Trump's anti-net-neutrality FCC: filling the swamp with his own alligators

Trump campaigned on "draining the swamp" of the industry insiders who enjoy a revolving door relationship with the regulatory branch, moving from industry to government and back again. But his actions speak louder than his words.


Trump's FCC advisers are the epitome of DC insiders: The American Enterprise Institute's Jeffrey Eisenach, whose hatred of net neutrality is matched only by his paychecks from Verizon; and former Sprint lobbyist Mark Jamison, who also works for the American Enterprise Institute.

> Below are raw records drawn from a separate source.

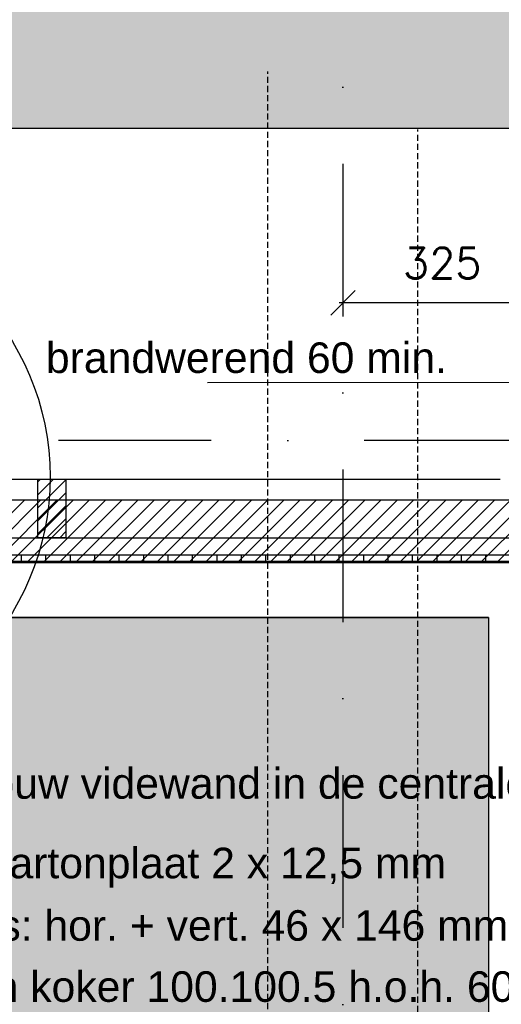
# Model space of a CAD drawing. Extents: x 0 to 316966, y 0 to 192112.
# Tile 28 of 54: x 167765 to 168553, y 97573 to 99184. Entities that reach past the tile are written whole.
import ezdxf

# ---------------------------------------------------------------- set-up
doc = ezdxf.new("R2010")
doc.units = 0
doc.header["$LTSCALE"] = 20
doc.header["$MEASUREMENT"] = 0
doc.header["$PDSIZE"] = -1
for name, pattern in [('DASHDOT', [25, 12.5, -6.25, 0, -6.25]), ('DD1', [2.66667, 1.66667, -0.5, 0, -0.5]), ('HIDDENX2', [0.75, 0.5, -0.25])]:
    doc.linetypes.add(name, pattern=pattern)
doc.layers.get('0').update_dxf_attribs({"linetype": 'CONTINUOUS'})
doc.layers.get('DEFPOINTS').update_dxf_attribs({"linetype": 'CONTINUOUS'})
for name, color, linetype in [('_DETAILNUMMERS', 4, 'CONTINUOUS'), ('A--01A1_ACEER', 1, 'CONTINUOUS'), ('A--A23--_F--3-', 9, 'CONTINUOUS'), ('A--A25--_F--3-', 9, 'CONTINUOUS'), ('A--A42--_F--3-', 9, 'CONTINUOUS'), ('A--L$1A-_RASTER_NR_04', 45, 'CONTINUOUS'), ('A--L21--_F-23-', 4, 'CONTINUOUS'), ('A--L25--', 7, 'CONTINUOUS'), ('A--L25--_F-23-', 7, 'CONTINUOUS'), ('A--L28DC1_CONSTR', 1, 'HIDDENX2'), ('A--L31D1_BUITENKOZIJN', 1, 'CONTINUOUS'), ('A--L35D1_PLAFONDS', 1, 'CONTINUOUS'), ('A--L42--', 7, 'CONTINUOUS'), ('A--L42--_F--3-', 7, 'CONTINUOUS'), ('A--M$1A-_F123-', 1, 'CONTINUOUS'), ('A--T$1A-_F123_20', 1, 'CONTINUOUS'), ('STRAMIEN', 8, 'DD1'), ('X--LR---_CP', 7, 'CONTINUOUS')]:
    doc.layers.add(name, color=color, linetype=linetype)
doc.styles.add('EB2', font='ARIAL.TTF')
doc.styles.add('HIEMSTRA', font='romans.shx')
doc.dimstyles.get("Standard").update_dxf_attribs({"dimscale": 40, "dimtxt": 2.5, "dimasz": 2, "dimexe": 0.3, "dimexo": 0.3, "dimgap": 2, "dimtad": 1, "dimdec": 0, "dimzin": 0, "dimdsep": 46, "dimtxsty": 'HIEMSTRA', "dimblk1": 'OBLIQUE', "dimblk2": 'OBLIQUE', "dimsah": 1, "dimcen": 0.09, "dimdle": 0.3, "dimclrd": 1, "dimclre": 1, "dimclrt": 3, "dimadec": 0, "dimazin": 0, "dimtfac": 1, "dimtdec": 4, "dimtix": 1, "dimtmove": 2, "dimatfit": 3, "dimldrblk": 'OBLIQUE', "dimfxl": 0, "dimtvp": 625, "dimtolj": 1, "dimtzin": 0, "dimarcsym": 0})

# ---------------------------------------------------------------- blocks, each defined once
blk = doc.blocks.new('_OBLIQUE')
at = {"color": 0, "linetype": 'ByBlock'}
blk.add_line((-0.5, -0.5), (0.5, 0.5), dxfattribs=at)
blk = doc.blocks.new('*D69')
at = {"color": 1, "linetype": 'ByBlock'}
for p, q in [((166364.2649012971, 98913.51098601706), (166364.2649012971, 99478.89615278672)), ((168853.9226446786, 99194.61120668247), (168853.9226446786, 99478.89615278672)), ((168859.9226446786, 99472.89615278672), (166358.2649012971, 99472.89615278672))]:
    blk.add_line(p, q, dxfattribs=at)
at = {"layer": 'DEFPOINTS', "color": 0, "linetype": 'ByBlock'}
for p in [(166364.2649012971, 99472.89615278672), (168853.9226446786, 99188.61120668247), (166364.2649012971, 98907.51098601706)]:
    blk.add_point(p, dxfattribs=at)
at = {"color": 1, "linetype": 'ByBlock', "xscale": 40, "yscale": 40, "zscale": 40, "rotation": 180}
blk.add_blockref('_OBLIQUE', (166364.2649012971, 99472.89615278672), dxfattribs=at)
at = {"color": 1, "linetype": 'ByBlock', "xscale": 40, "yscale": 40, "zscale": 40}
blk.add_blockref('_OBLIQUE', (168853.9226446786, 99472.89615278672), dxfattribs=at)
at = {"color": 2, "linetype": 'ByBlock', "insert": (167609.0937729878, 99537.89615278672), "char_height": 50, "attachment_point": 5, "style": 'HIEMSTRA'}
blk.add_mtext('\\A1;VAR', dxfattribs=at)
blk = doc.blocks.new('*D104')
at = {"color": 1, "linetype": 'ByBlock'}
blk.add_line((168625.2649012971, 98720.78848794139), (168288.2649012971, 98720.78848794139), dxfattribs=at)
at = {"layer": 'DEFPOINTS', "color": 0, "linetype": 'ByBlock'}
for p in [(168294.2649012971, 98720.7884879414), (168294.2649012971, 98720.78848794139), (168619.2649012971, 98720.78848794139)]:
    blk.add_point(p, dxfattribs=at)
at = {"color": 1, "linetype": 'ByBlock', "xscale": 40, "yscale": 40, "zscale": 40, "rotation": 180}
blk.add_blockref('_OBLIQUE', (168294.2649012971, 98720.78848794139), dxfattribs=at)
at = {"color": 1, "linetype": 'ByBlock', "xscale": 40, "yscale": 40, "zscale": 40}
blk.add_blockref('_OBLIQUE', (168619.2649012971, 98720.78848794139), dxfattribs=at)
at = {"color": 2, "linetype": 'ByBlock', "insert": (168456.7649012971, 98785.78848794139), "char_height": 50, "attachment_point": 5, "style": 'HIEMSTRA'}
blk.add_mtext('\\A1;325', dxfattribs=at)
blk = doc.blocks.new('*U495')
at = {"layer": 'A--A42--_F--3-', "linetype": 'Continuous'}
h = blk.add_hatch(dxfattribs=at)
h.set_pattern_fill('ALFALINE', color=256, scale=40, angle=45, style=0)
h.set_pattern_definition([(90, (-167551.7091955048, -98302.14793809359), (-40, 7.105427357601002e-15), [])])
h.paths.add_polyline_path([(0, 0), (0, 6.25), (1072.552373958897, 6.249999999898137), (1072.552373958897, -1.01863406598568e-10), (1072.552373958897, -6.250000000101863), (0, -6.25)])
at = {"layer": 'A--L42--_F--3-', "color": 3, "linetype": 'Continuous'}
for points in [[(0, 0), (0, 6.249999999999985), (1072.552373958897, 6.249999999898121), (1072.552373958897, -1.01863406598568e-10)], [(0, 0), (0, 6.25), (1072.552373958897, 6.249999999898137), (1072.552373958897, -1.01863406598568e-10)], [(0, 0), (0, 6.25), (1072.552373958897, 6.249999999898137), (1072.552373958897, -1.01863406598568e-10)], [(0, 0), (0, -6.25), (1072.552373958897, -6.250000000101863), (1072.552373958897, -1.01863406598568e-10)]]:
    blk.add_lwpolyline(points, dxfattribs=at)
blk = doc.blocks.new('Q020283-')
at = {"layer": 'A--A25--_F--3-'}
h = blk.add_hatch(dxfattribs=at)
h.set_pattern_fill('ALFALINE', color=256, scale=15, style=0, pattern_type=2)
h.set_pattern_definition([(45, (0, 0), (-10.60660171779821, 10.60660171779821), [])])
h.paths.add_polyline_path([(0, 0), (0, 96), (46, 96), (46, 0)])
at = {"layer": 'A--L25--_F-23-', "color": 2, "linetype": 'Continuous'}
blk.add_lwpolyline([(0, 0), (0, 96), (46, 96), (46, 0)], close=True, dxfattribs=at)
at = {"layer": 'X--LR---_CP'}
for p in [(0, 0), (0, 0), (46, 0)]:
    blk.add_point(p, dxfattribs=at)

msp = doc.modelspace()

# ---------------------------------------------------------------- hatches: boundary and pattern name
at = {"layer": 'A--01A1_ACEER', "linetype": 'Continuous'}
h = msp.add_hatch(dxfattribs=at)
h.set_pattern_fill('ANSI31', color=256, scale=150, style=0)
h.set_pattern_definition([(45, (5932.221754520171, 3352.225849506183), (-13.25825214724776, 13.25825214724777), [])])
h.paths.add_polyline_path([(164761.4866558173, 98298.12378754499), (172774.264901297, 98298.12486812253), (172774.264901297, 98398.12486812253), (164761.4866558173, 98398.12378754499)])
at = {"layer": 'A--A23--_F--3-'}
h = msp.add_hatch(dxfattribs=at)
h.set_pattern_fill('ALFABET', color=256, scale=20, angle=1, style=0, pattern_type=2)
h.set_pattern_definition([(134, (241576.9455579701, 3499.999999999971), (86.32077604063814, 83.35900445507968), []), (129, (241576.9455579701, 3499.999999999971), (-143.6492232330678, -10.04493226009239), [14.99999999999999, -164.9999999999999]), (184, (241576.9455579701, 3499.999999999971), (30.37155278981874, 149.9312053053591), [12, -132]), (78.54860000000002, (241564.97478976, 3499.162923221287), (-113.2777785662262, 139.8861835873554), [12.74803799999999, -140.2284223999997]), (132.8158, (241577.6436542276, 3539.993907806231), (-213.9934415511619, -29.37357608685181), [22.49999999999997, -247.4999999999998]), (82.36440000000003, (241559.8108690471, 3537.546098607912), (-183.5039301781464, 198.0563242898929), [19.12205759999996, -210.3425999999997]), (187.8158, (241577.6436542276, 3539.993907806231), (-183.503775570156, 198.0564676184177), [18, -198]), (158, (241557.4721762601, 3530.344478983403), (-120.7685617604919, -78.42802107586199), [15, -165]), (213, (241557.4721762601, 3530.344478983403), (-46.12453210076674, 145.8572078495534), [12, -132]), (107.5485999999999, (241547.4081336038, 3523.808804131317), (-166.8931450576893, 67.42905611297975), [12.748038, -140.2284224]), (141.5, (241576.9455579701, 3499.999999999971), (-1.269640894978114, 66.61107424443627), [0, -130.4, 0, -134, 0, -132.5]), (171.5, (241576.9455579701, 3499.999999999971), (-51.2292074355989, 79.78856751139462), [0, -76.39999999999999, 0, -127.4, 0, -50.5]), (211.5, (241621.5387651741, 3499.221622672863), (-106.8269538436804, -2.646990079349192), [0, -49.99999999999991, 0, -155.9999999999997, 0, -206.9999999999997]), (221.5, (241641.5357190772, 3498.872574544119), (-116.2700548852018, 22.05354758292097), [0, -64.99999999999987, 0, -103.5999999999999, 0, -146.9999999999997]), (221.5, (241641.5357190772, 3498.872574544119), (-116.2700548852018, 22.05354758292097), [0, -64.99999999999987, 0, -103.5999999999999, 0, -146.9999999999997])])
h.paths.add_polyline_path([(168853.9226446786, 99005.89793803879), (159025.2435799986, 99005.89793803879), (159025.2962468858, 99255.89793803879), (168853.9226446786, 99255.89793803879)])
at = {"layer": 'A--L$1A-_RASTER_NR_04'}
h = msp.add_hatch(color=256, dxfattribs=at)
h.paths.add_polyline_path([(167406.1866903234, 98205.89793787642), (168532.4502139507, 98205.89793787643), (168532.4502139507, 96489.7840027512), (167165.2694484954, 96489.78443686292)])
h.paths.add_polyline_path([(168532.4502139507, 96399.7840027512), (168532.4502139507, 95795.89793803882), (167067.857930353, 95795.89793803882), (167149.4986977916, 96399.7840027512)])

# ---------------------------------------------------------------- linework, layer by layer
at = {"layer": '_DETAILNUMMERS'}
for centre in [(168938.8007643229, 99510.37849001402), (167387.9877134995, 98436.04312502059)]:
    msp.add_circle(centre, 427.2623505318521, dxfattribs=at)
at = {"layer": 'A--01A1_ACEER'}
for p, q in [((168560.0924868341, 98295.89793787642), (167798.395600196, 98295.89793787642)), ((168532.4502139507, 98205.89793787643), (167406.1866903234, 98205.89793787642))]:
    msp.add_line(p, q, dxfattribs=at)
msp.add_lwpolyline([(167406.1866903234, 98205.89793787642), (168532.4502139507, 98205.89793787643), (168532.4502139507, 96489.7840027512), (167165.2694484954, 96489.78443686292), (167406.1866903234, 98205.89793787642)], close=True, dxfattribs=at)
at = {"layer": 'A--L21--_F-23-', "linetype": 'Continuous'}
msp.add_lwpolyline([(168853.9226446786, 99005.89793803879), (159025.2435799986, 99005.89793803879), (159025.2962468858, 99255.89793803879), (168853.9226446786, 99255.89793803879)], close=True, dxfattribs=at)
at = {"layer": 'A--L28DC1_CONSTR'}
for points in [[(168172.0149013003, 92540.64216131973), (168171.4818940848, 99099.2087042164)], [(168416.5149012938, 92445.8979380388), (168417.0479085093, 99004.46448093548)]]:
    msp.add_lwpolyline(points, dxfattribs=at)
at = {"layer": 'A--L31D1_BUITENKOZIJN'}
for p, q in [((168072.7858174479, 98590.7801522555), (168661.7624908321, 98590.92633190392)), ((167599.2112389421, 98432.39774694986), (168551.5550518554, 98432.40028512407)), ((167623.2511039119, 98336.39756007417), (168614.2615694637, 98336.39756007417)), ((168532.4502139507, 98205.89793787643), (168532.4502139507, 95795.89793803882))]:
    msp.add_line(p, q, dxfattribs=at)
at = {"layer": 'A--L35D1_PLAFONDS', "linetype": 'Continuous'}
msp.add_lwpolyline([(164761.4866558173, 98298.12378754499), (172774.264901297, 98298.12486812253), (172774.264901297, 98398.12486812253), (164761.4866558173, 98398.12378754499)], close=True, dxfattribs=at)
at = {"layer": 'STRAMIEN', "linetype": 'DASHDOT'}
for p, q in [((168294.2649012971, 109950.7161111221), (168294.2649012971, 90560.26999308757)), ((189082.969447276, 98495.89793803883), (152098.7249153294, 98495.89793803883))]:
    msp.add_line(p, q, dxfattribs=at)

# ---------------------------------------------------------------- block references
at = {"layer": 'A--L25--'}
msp.add_blockref('Q020283-', (167795.0450175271, 98336.3979370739), dxfattribs=at)
at = {"layer": 'A--L42--'}
msp.add_blockref('*U495', (167551.7091955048, 98302.14793809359), dxfattribs=at)

# ---------------------------------------------------------------- texts
at = {"layer": 'A--T$1A-_F123_20', "style": 'EB2'}
for s, p in [('brandwerend 60 min. ', (167808.3208552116, 98606.16189309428)), ('Opbouw videwand in de centrale hal:', (167585.6403082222, 97909.74642824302)), ('gipskartonplaat 2 x 12,5 mm', (167585.6403082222, 97779.50738902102)), ('regels: hor. + vert. 46 x 146 mm, h.o.h. 400 mm', (167576.8906839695, 97677.3419035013)), ('stalen koker 100.100.5 h.o.h. 600 mm', (167576.8906839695, 97577.3419035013))]:
    msp.add_text(s, height=50, dxfattribs=at).set_placement(p)

# ---------------------------------------------------------------- dimensions: what is measured, and where the dimension line sits
at = {"layer": 'A--M$1A-_F123-'}
dim = msp.add_linear_dim(base=(166364.2649012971, 99472.89615278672), p1=(168853.9226446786, 99188.61120668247), p2=(166364.2649012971, 98907.51098601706), text='VAR', dimstyle='Standard', override={"dimscale": 20, "dimclrt": 2}, dxfattribs=at)
dim.commit()
dim.dimension.update_dxf_attribs({"geometry": '*D69', "text_midpoint": (167609.0937729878, 99537.89615278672)})
dim = msp.add_linear_dim(base=(168294.2649012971, 98720.78848794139), p1=(168619.2649012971, 98720.78848794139), p2=(168294.2649012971, 98720.7884879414), dimstyle='Standard', override={"dimscale": 20, "dimclrt": 2}, dxfattribs=at)
dim.commit()
dim.dimension.update_dxf_attribs({"geometry": '*D104', "text_midpoint": (168456.7649012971, 98785.78848794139)})

doc.saveas('drawing.dxf')

The AEI has a long history of employing past- and present administrative branch staff, and has offered big cash payouts to scientists who'd criticize climate change.

"Net neutrality in the US is backfiring against some of the very people it is supposed to help," Jamison wrote in an American Enterprise Institute paper this year.

When Trump is inaugurated in January, he will have the power to swing the FCC back to conservative control, and with both a Republican White House and Congress, the FCC's net neutrality rules are in more danger of being rolled back than ever. Trump's latest advisers are a signal he may work to make that happen.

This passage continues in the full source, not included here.